Local Mutual Information and Hypothesis testing need an estimator instance.

est = im.estimator(data_x, data_y, measure="mi", approach="kernel",
    kernel="gaussian", bandwidth=0.7)
stat_test = est.statistical_test(n_tests=50, method="permutation_test")
est.local_vals(), stat_test.p_value, stat_test.t_score, stat_test.confidence_interval(90), stat_test.percentile(50)

(array([ 0.76285,  0.14471,  0.1163 , ..., -0.33088,  0.14965, -0.20442],
       shape=(1000,)),
 np.float64(0.0),
 np.float64(91.74386344511136),
 array([0.00143, 0.00598]),
 np.float64(0.0031276661080311932))

The estimator is implemented in the KernelMIEstimator class, which is part of the im.measures.mutual_information module.

class infomeasure.estimators.mutual_information.kernel.KernelMIEstimator(*data, cond=None, bandwidth: float | int = None, kernel: str = None, offset: int = 0, workers: int = 1, normalize: bool = False, base: int | float | str = 'e', **kwargs)[source]

Bases: BaseKernelMIEstimator, MutualInformationEstimator

Estimator for mutual information using Kernel Density Estimation (KDE).

\[I(X;Y) = \sum_{i=1}^{n} p(x_i, y_i) \log \left( \frac{p(x_i, y_i)}{p(x_i)p(y_i)} \right)\]

Attributes:

*dataarray_like, shape (n_samples,): The data used to estimate the mutual information.
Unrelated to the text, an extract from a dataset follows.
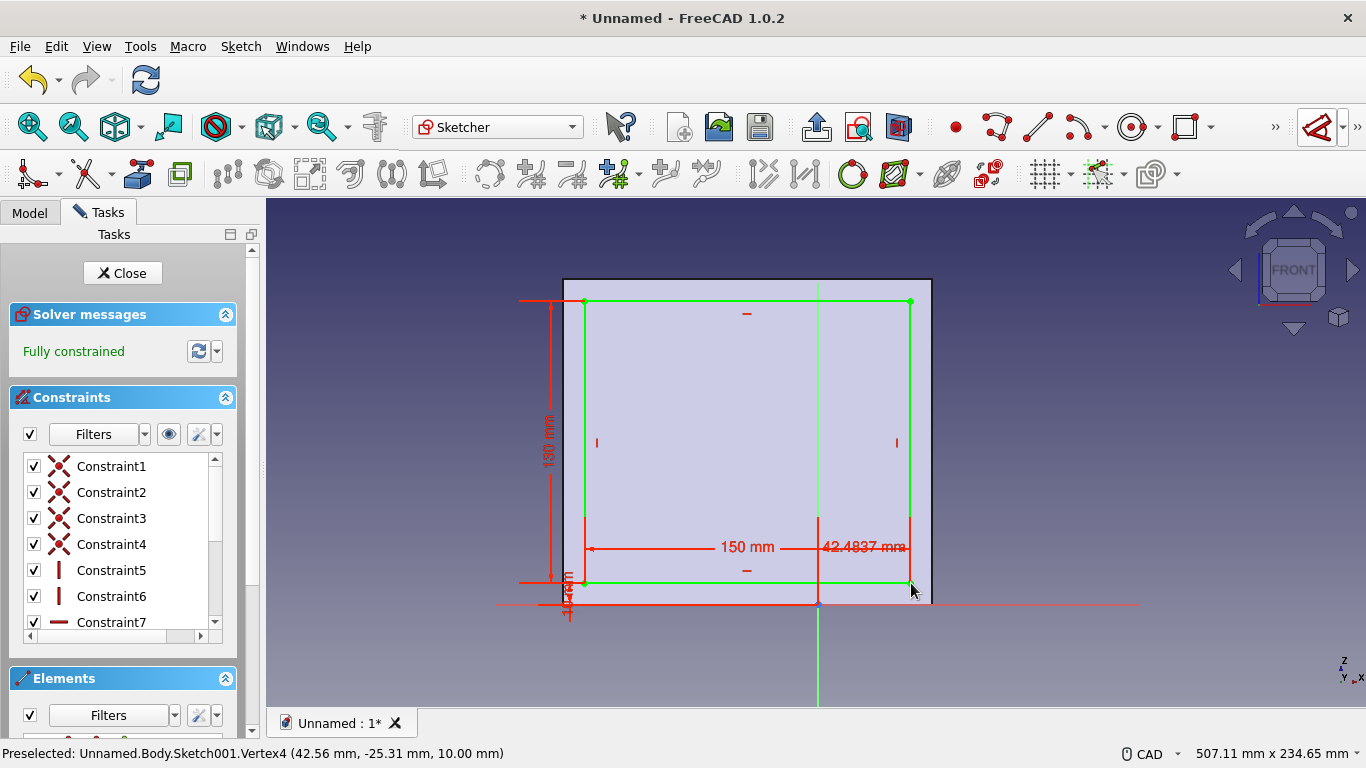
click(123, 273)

You can pass an arbitrary number of data arrays as positional arguments.
bandwidthfloat | int: The bandwidth for the kernel.
kernelstr: Type of kernel to use, compatible with the KDE implementation kde_probability_density_function().
offsetint, optional: Number of positions to shift the data arrays relative to each other. Delay/lag/shift between the variables. Default is no shift.
normalizebool, optional: If True, normalize the data before analysis.

Notes

A small bandwidth can lead to under-sampling, while a large bandwidth may over-smooth the data, obscuring details.